YOUR TASK |
Find the line in the entries below that contains "- mario figurine <box>278,131,373,270</box>". Repeat it exactly, and every line after it through the line that contains "- ink cartridge box <box>300,366,429,537</box>".

EXERCISE DATA |

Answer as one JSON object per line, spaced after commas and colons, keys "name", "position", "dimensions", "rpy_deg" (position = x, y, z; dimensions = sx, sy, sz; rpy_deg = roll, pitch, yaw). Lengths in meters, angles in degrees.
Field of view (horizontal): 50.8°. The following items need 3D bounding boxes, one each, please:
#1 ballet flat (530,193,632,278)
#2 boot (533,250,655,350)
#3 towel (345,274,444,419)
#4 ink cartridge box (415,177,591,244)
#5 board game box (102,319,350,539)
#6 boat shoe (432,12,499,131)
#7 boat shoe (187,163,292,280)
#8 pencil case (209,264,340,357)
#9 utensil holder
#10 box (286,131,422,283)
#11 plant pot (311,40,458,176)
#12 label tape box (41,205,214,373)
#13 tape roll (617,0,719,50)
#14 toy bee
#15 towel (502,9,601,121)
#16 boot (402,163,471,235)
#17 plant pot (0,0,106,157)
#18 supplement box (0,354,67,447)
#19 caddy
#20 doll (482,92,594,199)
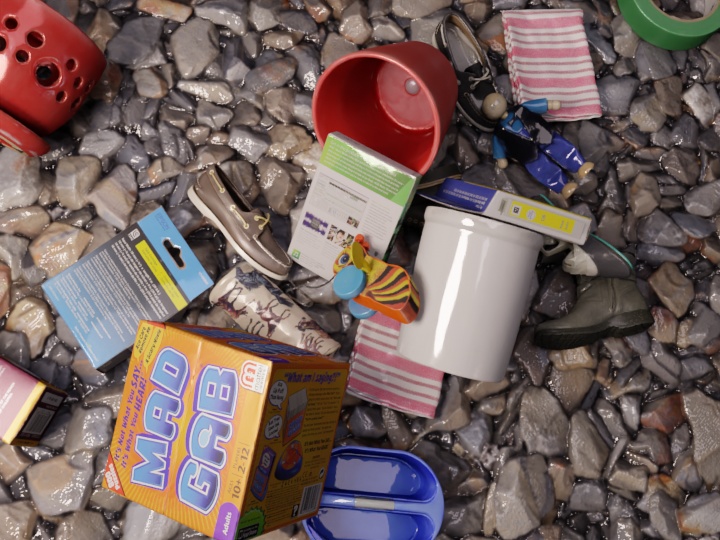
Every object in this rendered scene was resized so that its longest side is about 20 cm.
{"name": "ballet flat", "position": [0.315, -0.037, 1.151], "dimensions": [0.073, 0.074, 0.200], "rpy_deg": [-37, 58, -13]}
{"name": "boot", "position": [0.344, 0.043, 1.167], "dimensions": [0.195, 0.068, 0.133], "rpy_deg": [-9, 65, -8]}
{"name": "towel", "position": [0.066, 0.103, 1.127], "dimensions": [0.143, 0.030, 0.204], "rpy_deg": [16, 74, -3]}
{"name": "ink cartridge box", "position": [0.186, -0.093, 1.054], "dimensions": [0.196, 0.198, 0.048], "rpy_deg": [17, 98, -17]}
{"name": "board game box", "position": [-0.158, 0.187, 0.937], "dimensions": [0.196, 0.199, 0.205], "rpy_deg": [13, 89, 26]}
{"name": "boat shoe", "position": [0.180, -0.324, 1.230], "dimensions": [0.073, 0.060, 0.204], "rpy_deg": [-20, 79, -13]}
{"name": "boat shoe", "position": [-0.169, -0.071, 1.117], "dimensions": [0.200, 0.072, 0.060], "rpy_deg": [45, 106, 10]}
{"name": "pencil case", "position": [-0.125, 0.076, 1.084], "dimensions": [0.199, 0.090, 0.078], "rpy_deg": [40, 32, 8]}
{"name": "utensil holder", "position": [0.144, 0.031, 1.037], "dimensions": [0.166, 0.170, 0.205], "rpy_deg": [15, 93, -2]}
{"name": "box", "position": [-0.012, -0.076, 1.089], "dimensions": [0.142, 0.036, 0.203], "rpy_deg": [28, 116, 12]}
{"name": "plant pot", "position": [0.052, -0.245, 1.116], "dimensions": [0.199, 0.202, 0.178], "rpy_deg": [37, 39, 4]}
{"name": "label tape box", "position": [-0.326, 0.028, 1.084], "dimensions": [0.198, 0.063, 0.145], "rpy_deg": [-35, 82, -13]}
{"name": "tape roll", "position": [0.548, -0.486, 1.320], "dimensions": [0.195, 0.048, 0.205], "rpy_deg": [2, 75, -6]}
{"name": "toy bee", "position": [0.000, 0.000, 1.022], "dimensions": [0.196, 0.132, 0.110], "rpy_deg": [20, 66, 17]}
{"name": "towel", "position": [0.318, -0.346, 1.260], "dimensions": [0.143, 0.030, 0.205], "rpy_deg": [-4, 76, -8]}
{"name": "boot", "position": [0.088, -0.065, 1.152], "dimensions": [0.197, 0.077, 0.141], "rpy_deg": [-23, 84, -10]}
{"name": "plant pot", "position": [-0.492, -0.279, 1.077], "dimensions": [0.198, 0.201, 0.185], "rpy_deg": [30, 82, 2]}
{"name": "supplement box", "position": [-0.508, 0.147, 1.009], "dimensions": [0.197, 0.111, 0.087], "rpy_deg": [30, 74, 2]}
{"name": "caddy", "position": [0.014, 0.315, 1.028], "dimensions": [0.195, 0.105, 0.145], "rpy_deg": [6, 74, -5]}
{"name": "doll", "position": [0.274, -0.210, 1.199], "dimensions": [0.199, 0.049, 0.137], "rpy_deg": [38, 103, -3]}
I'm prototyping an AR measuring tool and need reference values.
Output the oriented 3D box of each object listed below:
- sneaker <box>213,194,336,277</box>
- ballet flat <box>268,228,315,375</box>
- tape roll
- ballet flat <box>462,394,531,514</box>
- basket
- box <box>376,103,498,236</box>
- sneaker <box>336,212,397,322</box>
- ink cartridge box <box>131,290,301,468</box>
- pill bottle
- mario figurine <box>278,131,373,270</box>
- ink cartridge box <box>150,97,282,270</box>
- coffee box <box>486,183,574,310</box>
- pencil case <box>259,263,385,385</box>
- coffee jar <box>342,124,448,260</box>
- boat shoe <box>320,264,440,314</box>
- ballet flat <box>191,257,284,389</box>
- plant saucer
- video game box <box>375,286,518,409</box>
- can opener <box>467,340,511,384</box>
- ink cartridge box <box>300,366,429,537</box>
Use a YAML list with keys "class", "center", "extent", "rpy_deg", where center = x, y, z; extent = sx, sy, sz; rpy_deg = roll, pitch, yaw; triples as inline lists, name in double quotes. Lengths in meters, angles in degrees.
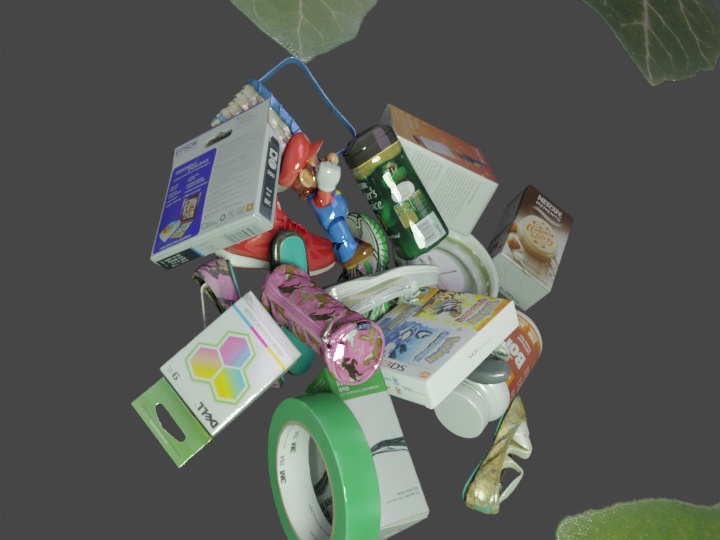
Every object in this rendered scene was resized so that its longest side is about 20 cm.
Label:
- class: "sneaker"
  center: [-0.108, -0.057, 1.075]
  extent: [0.195, 0.117, 0.079]
  rpy_deg: [0, 44, -30]
- class: "ballet flat"
  center: [-0.097, 0.042, 1.043]
  extent: [0.066, 0.068, 0.207]
  rpy_deg: [-6, 101, -27]
- class: "tape roll"
  center: [-0.048, 0.249, 0.872]
  extent: [0.047, 0.201, 0.205]
  rpy_deg: [-6, 64, -32]
- class: "ballet flat"
  center: [0.217, 0.275, 1.096]
  extent: [0.070, 0.071, 0.201]
  rpy_deg: [40, 53, -1]
- class: "basket"
  center: [-0.126, -0.220, 1.149]
  extent: [0.198, 0.139, 0.178]
  rpy_deg: [-36, 82, -15]
- class: "box"
  center: [0.114, -0.173, 1.260]
  extent: [0.196, 0.108, 0.154]
  rpy_deg: [22, 26, -17]
- class: "sneaker"
  center: [0.000, 0.000, 1.137]
  extent: [0.083, 0.078, 0.205]
  rpy_deg: [2, 61, -28]
- class: "ink cartridge box"
  center: [-0.178, 0.133, 0.912]
  extent: [0.199, 0.059, 0.104]
  rpy_deg: [-41, 85, -16]
- class: "pill bottle"
  center: [0.193, 0.155, 1.131]
  extent: [0.112, 0.112, 0.200]
  rpy_deg: [44, 49, 2]
- class: "mario figurine"
  center: [-0.037, -0.109, 1.060]
  extent: [0.106, 0.122, 0.203]
  rpy_deg: [-44, 110, -41]
- class: "ink cartridge box"
  center: [-0.195, -0.119, 1.026]
  extent: [0.043, 0.194, 0.205]
  rpy_deg: [38, 44, -44]
- class: "coffee box"
  center: [0.302, -0.045, 1.342]
  extent: [0.113, 0.080, 0.202]
  rpy_deg: [35, 50, -6]
- class: "pencil case"
  center: [-0.052, 0.063, 0.921]
  extent: [0.082, 0.088, 0.199]
  rpy_deg: [-29, 36, -22]
- class: "coffee jar"
  center: [0.050, -0.121, 1.123]
  extent: [0.084, 0.104, 0.203]
  rpy_deg: [-31, 99, -6]
- class: "boat shoe"
  center: [0.030, 0.035, 1.064]
  extent: [0.197, 0.074, 0.067]
  rpy_deg: [-14, 91, -28]
- class: "ballet flat"
  center: [-0.173, 0.080, 0.998]
  extent: [0.070, 0.069, 0.204]
  rpy_deg: [-23, 76, -20]
- class: "plant saucer"
  center: [0.134, 0.002, 1.226]
  extent: [0.195, 0.051, 0.204]
  rpy_deg: [15, 49, -17]
- class: "video game box"
  center: [0.090, 0.097, 1.016]
  extent: [0.199, 0.179, 0.048]
  rpy_deg: [-36, 120, -34]
- class: "can opener"
  center: [0.122, 0.121, 1.066]
  extent: [0.053, 0.195, 0.067]
  rpy_deg: [59, 44, -36]
- class: "ink cartridge box"
  center: [-0.007, 0.237, 0.939]
  extent: [0.081, 0.147, 0.204]
  rpy_deg: [-6, 63, -31]
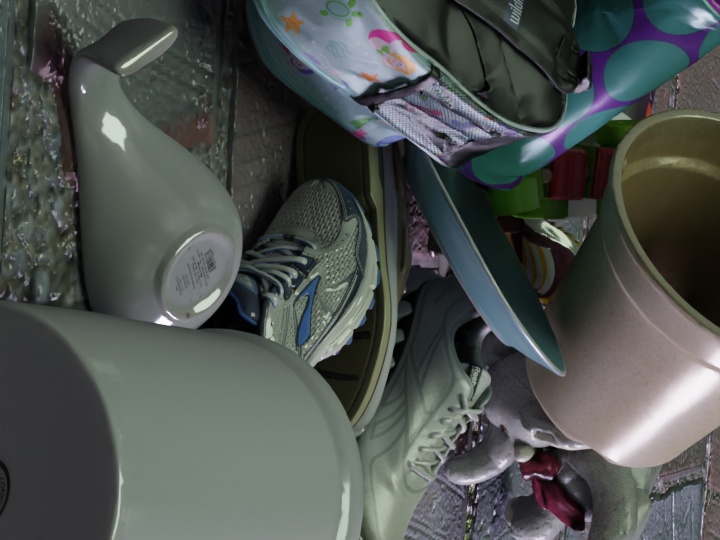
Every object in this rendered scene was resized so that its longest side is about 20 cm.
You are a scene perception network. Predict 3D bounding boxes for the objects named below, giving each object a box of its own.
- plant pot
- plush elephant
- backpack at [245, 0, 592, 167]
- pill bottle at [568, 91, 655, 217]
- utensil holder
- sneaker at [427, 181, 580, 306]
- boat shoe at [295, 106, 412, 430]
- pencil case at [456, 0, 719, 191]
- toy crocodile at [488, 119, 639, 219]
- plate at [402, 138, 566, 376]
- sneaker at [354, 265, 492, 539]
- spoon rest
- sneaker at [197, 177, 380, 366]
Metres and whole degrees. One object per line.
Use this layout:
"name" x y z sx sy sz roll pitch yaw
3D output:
"plant pot" 0.208 0.029 1.367 0.184 0.200 0.201 -55 180 44
"plush elephant" 0.136 0.124 1.492 0.200 0.155 0.165 -57 -157 15
"backpack" 0.020 -0.170 1.160 0.200 0.150 0.178 33 55 -44
"pill bottle" 0.161 -0.145 1.517 0.112 0.112 0.200 46 54 -57
"utensil holder" -0.116 0.102 0.938 0.200 0.170 0.170 15 81 -62
"sneaker" 0.098 -0.005 1.473 0.200 0.075 0.090 46 61 -49
"boat shoe" 0.000 0.000 1.257 0.068 0.075 0.200 10 83 -60
"pencil case" 0.130 -0.131 1.257 0.092 0.200 0.085 51 29 -5
"toy crocodile" 0.160 -0.067 1.409 0.200 0.062 0.068 -4 101 -38
"plate" 0.070 -0.017 1.294 0.200 0.026 0.200 57 10 -16
"sneaker" 0.038 0.093 1.349 0.075 0.081 0.200 42 59 -61
"spoon rest" -0.108 -0.044 1.054 0.099 0.061 0.200 -37 140 -29
"sneaker" -0.051 0.022 1.162 0.085 0.077 0.200 56 45 -46

PROBLEM SOLUTION |
- mario figurine <box>278,131,373,270</box>
- ink cartridge box <box>150,97,282,270</box>
- coffee box <box>486,183,574,310</box>
- pencil case <box>259,263,385,385</box>
- coffee jar <box>342,124,448,260</box>
- boat shoe <box>320,264,440,314</box>
- ballet flat <box>191,257,284,389</box>
- plant saucer
- video game box <box>375,286,518,409</box>
- can opener <box>467,340,511,384</box>
- ink cartridge box <box>300,366,429,537</box>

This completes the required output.